Claim dismissed Employment Tribunal · 13 January 2023

Whistleblowing claim dismissed: senior nurse's concerns not protected disclosures

A clinical deputy manager who raised concerns about training and patient safety was dismissed after just 18 days at work. The tribunal rejected his whistleblowing claim, finding his disclosures were not made with a reasonable belief of legal breaches.

1 min read · Last updated 18 May 2026

Case details

Key facts

  • The claimant was employed as clinical deputy manager from 20 April 2020 for a very short period, actively at work for only 18 days.
  • On 15 May 2020, the claimant suggested placing a nebuliser over a speaking valve during a tracheostomy procedure, which could have blocked the patient's airway.
  • The patient's mother complained, leading to a safeguarding referral to the CQC and local authority.
  • The claimant resigned on 23 May 2020 after a heated meeting, but later withdrew his resignation; the respondent eventually dismissed him.
  • The tribunal found that the claimant's alleged protected disclosures were not made with a reasonable belief that they showed legal breaches or health and safety risks.

Timeline

  1. Claimant started employment

    Claimant began work as clinical deputy manager at Bagshot Park Rehabilitation Centre. He raised concerns about induction, training, and medication management.

  2. First alleged protected disclosure

    Claimant orally raised concerns about inadequate induction, lack of training, and medication management led by a physiotherapist.

  3. Second alleged protected disclosure (email)

    Claimant sent an email to Julia Billins recommending improvements to induction and handover processes.

  4. Tracheostomy competency certification

    Samuel Dhinakar certified the claimant as fit to carry out tracheostomy work.

  5. Third alleged protected disclosure (email)

    Claimant sent an email to multiple recipients raising concerns about lack of Caresys access for new staff, inadequate tracheostomy training, and poor coordination.

  6. Nebuliser incident

    Claimant suggested placing a nebuliser over a speaking valve during a tracheostomy procedure, witnessed by the patient's mother via video call. The mother complained.

  7. Safeguarding referral

    Julia Billins made a safeguarding referral to the CQC and local authority regarding the incident.

  8. Meeting and resignation

    A heated meeting occurred between the claimant, Julia Billins, and Samuel Dhinakar. The claimant resigned, citing victimisation and coercion.

  9. Resignation withdrawn

    The claimant withdrew his resignation, but the respondent later dismissed him.

The outcome

The tribunal dismissed the claimant's claims of unfair dismissal and detriment on whistleblowing grounds.

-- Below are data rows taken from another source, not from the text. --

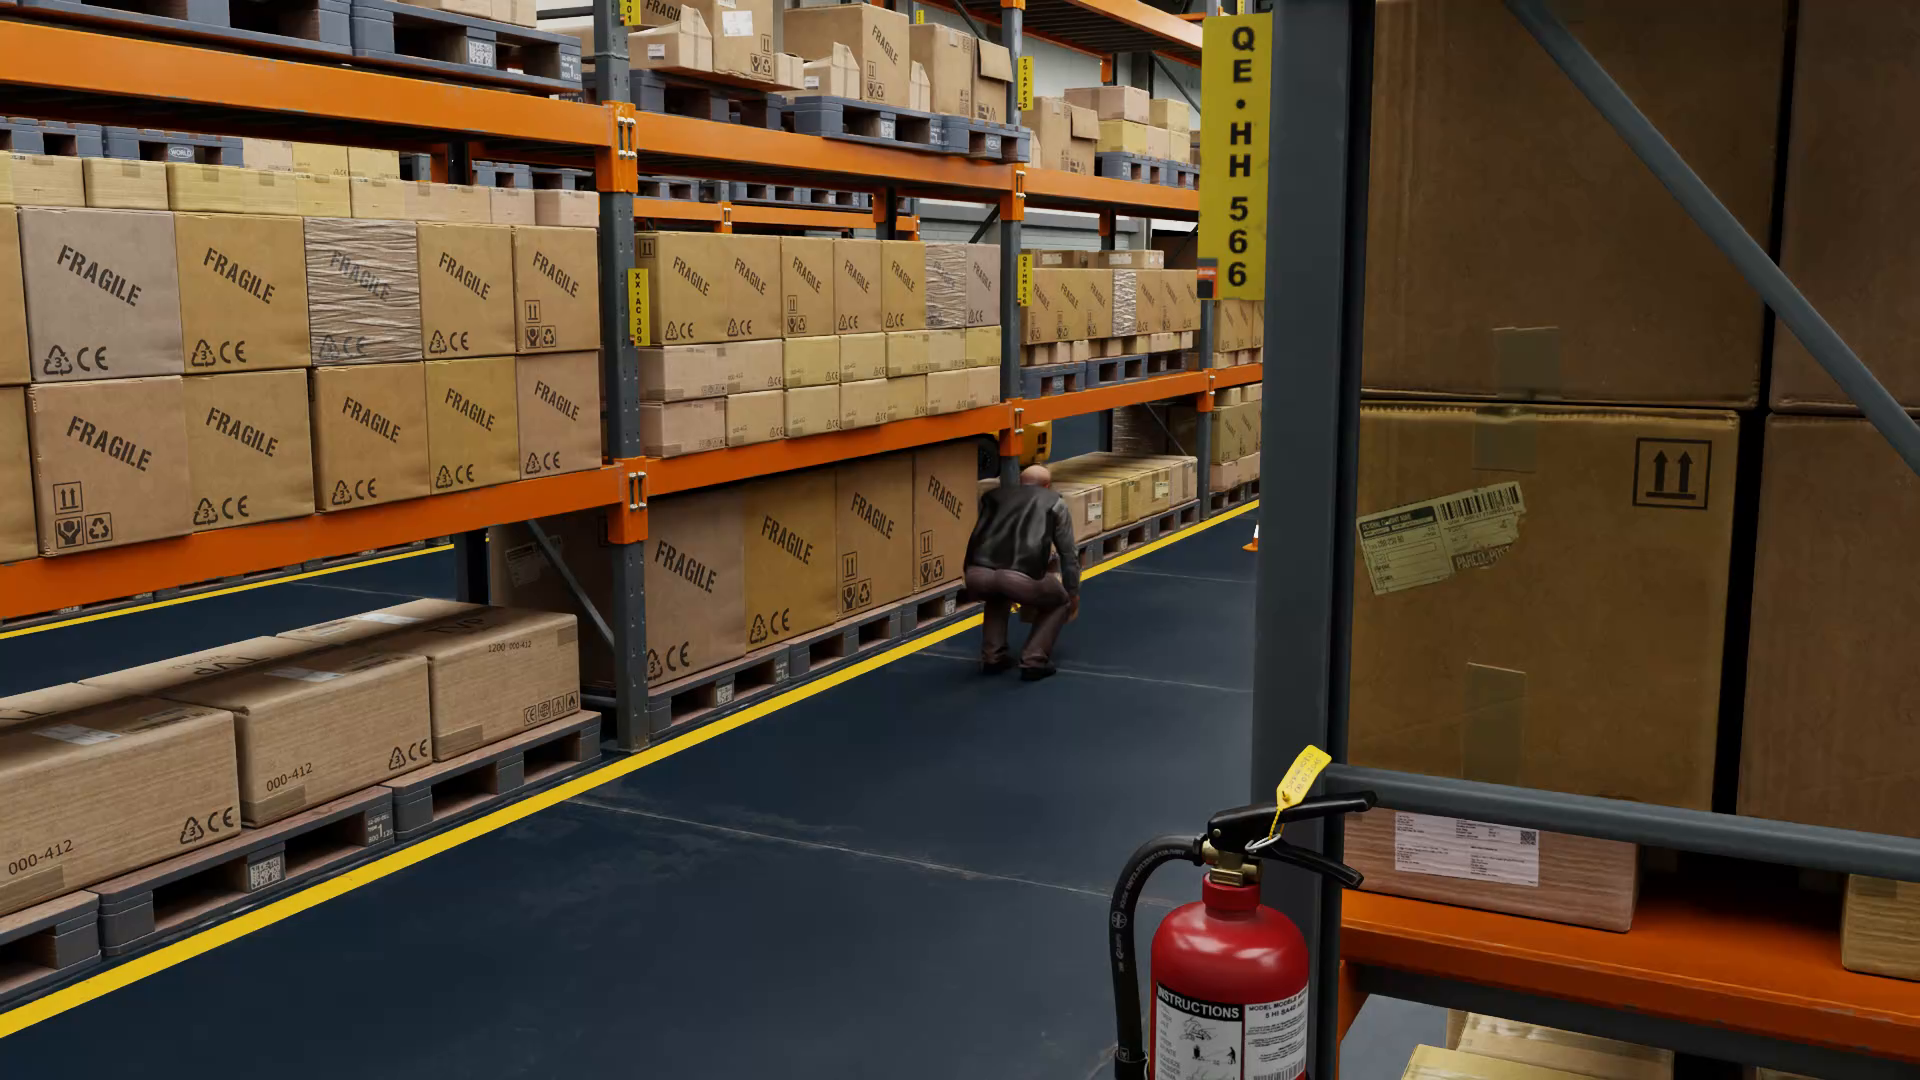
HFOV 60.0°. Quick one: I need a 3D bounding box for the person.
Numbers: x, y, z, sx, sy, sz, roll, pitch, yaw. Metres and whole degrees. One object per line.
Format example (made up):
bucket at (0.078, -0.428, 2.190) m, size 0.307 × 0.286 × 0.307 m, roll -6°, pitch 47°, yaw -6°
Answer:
person at (0.301, 0.207, 8.948) m, size 0.557 × 1.003 × 0.829 m, roll 4°, pitch 10°, yaw 26°
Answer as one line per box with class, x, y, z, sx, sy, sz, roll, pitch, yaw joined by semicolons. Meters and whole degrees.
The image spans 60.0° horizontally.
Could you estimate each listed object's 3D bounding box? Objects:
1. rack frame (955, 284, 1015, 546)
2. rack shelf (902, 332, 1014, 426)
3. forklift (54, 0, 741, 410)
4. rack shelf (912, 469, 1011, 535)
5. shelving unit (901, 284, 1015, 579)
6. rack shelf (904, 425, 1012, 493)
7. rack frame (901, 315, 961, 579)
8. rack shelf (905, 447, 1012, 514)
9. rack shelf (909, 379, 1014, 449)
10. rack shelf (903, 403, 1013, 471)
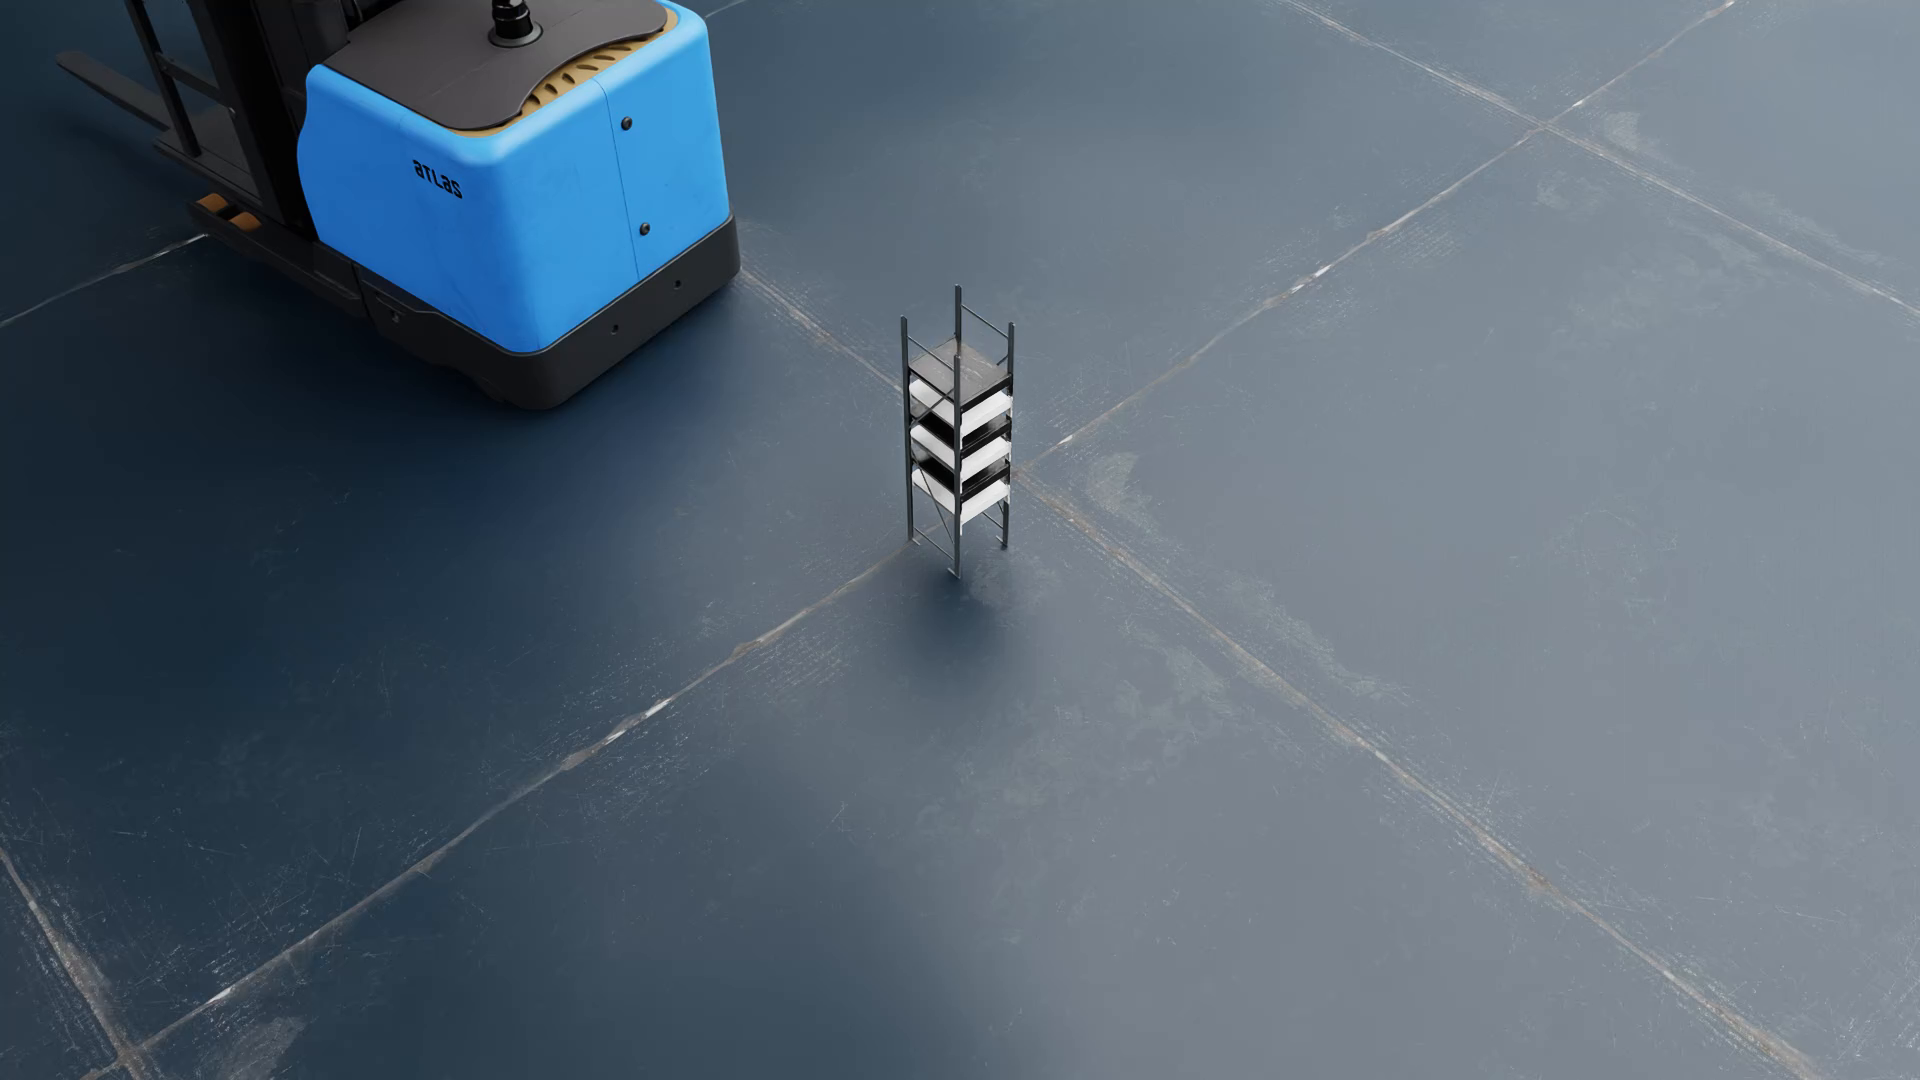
rack frame;0.069;-0.351;4.962;0.006;0.900;0.240;-34;56;-27
rack shelf;-0.006;-0.462;4.742;0.200;0.077;0.258;-34;56;-27
forklift;-2.280;-2.327;5.403;3.031;2.935;1.130;29;54;24
rack shelf;-0.006;-0.156;5.072;0.200;0.077;0.258;-34;56;-27
shelving unit;-0.006;-0.301;4.916;0.210;0.900;0.258;-34;56;-27
rack shelf;-0.006;-0.279;4.940;0.200;0.077;0.258;-34;56;-27
rack frame;-0.081;-0.251;4.869;0.006;0.900;0.240;-34;56;-27
rack shelf;-0.006;-0.218;5.006;0.200;0.077;0.258;-34;56;-27
rack shelf;-0.006;-0.401;4.808;0.200;0.077;0.258;-34;56;-27
rack shelf;-0.006;-0.340;4.874;0.200;0.077;0.258;-34;56;-27

The key reason was that the claimant's alleged disclosures – about induction, training, and medication management – were not made with a reasonable belief that they showed legal breaches or health and safety risks. The tribunal found that the claimant's concerns were genuine but did not meet the legal test for a protected disclosure.

No compensation was awarded as the claims were dismissed in full.

Lessons & takeaways

  • To qualify as a protected disclosure, you must have a reasonable belief that the information shows a legal breach or health and safety danger – general concerns about training or processes may not be enough.
  • Short service can weaken a whistleblowing claim, as the tribunal may view concerns raised very early in employment as less likely to be made in good faith.
  • If you resign in the heat of the moment and later withdraw it, the employer may still be able to dismiss you fairly if the relationship has broken down.
  • Representing yourself in a whistleblowing case is risky – the legal tests are complex and the burden of proof can be difficult to meet without legal advice.

A short-lived role with serious consequences

This case highlights the challenges faced by employees who raise concerns early in their employment. The claimant, a senior nurse, started work as clinical deputy manager at Bagshot Rehab Centre Limited in April 2020. Within weeks, he had raised concerns about induction, training, and medication management. But just 18 days into active work, a clinical incident involving a nebuliser led to a safeguarding referral, a heated meeting, and the end of his employment.

The tribunal found that the claimant's concerns, while genuine, did not meet the legal definition of a protected disclosure. Under the Employment Rights Act 1996, a disclosure must be made with a reasonable belief that it shows a legal breach or a danger to health and safety. The tribunal concluded that the claimant's complaints about training and processes were not made with that specific belief.

What the employer did right

Bagshot Rehab Centre Limited acted swiftly when a patient's mother complained about the nebuliser incident. They made a safeguarding referral to the CQC and local authority, which was appropriate. The tribunal also noted that the claimant's resignation on 23 May 2020 was made in the heat of the moment, and although he later withdrew it, the relationship had broken down irretrievably.

Why this matters for similar claims

This case is a reminder that not every workplace complaint qualifies as a whistleblowing disclosure. The legal test requires a reasonable belief that the information shows a specific legal breach or health and safety risk. Short-serving employees face an additional hurdle: tribunals may view early concerns as less likely to be made in good faith. Anyone considering a whistleblowing claim should seek legal advice early, as the burden of proof is on the employee to show that the disclosure was protected.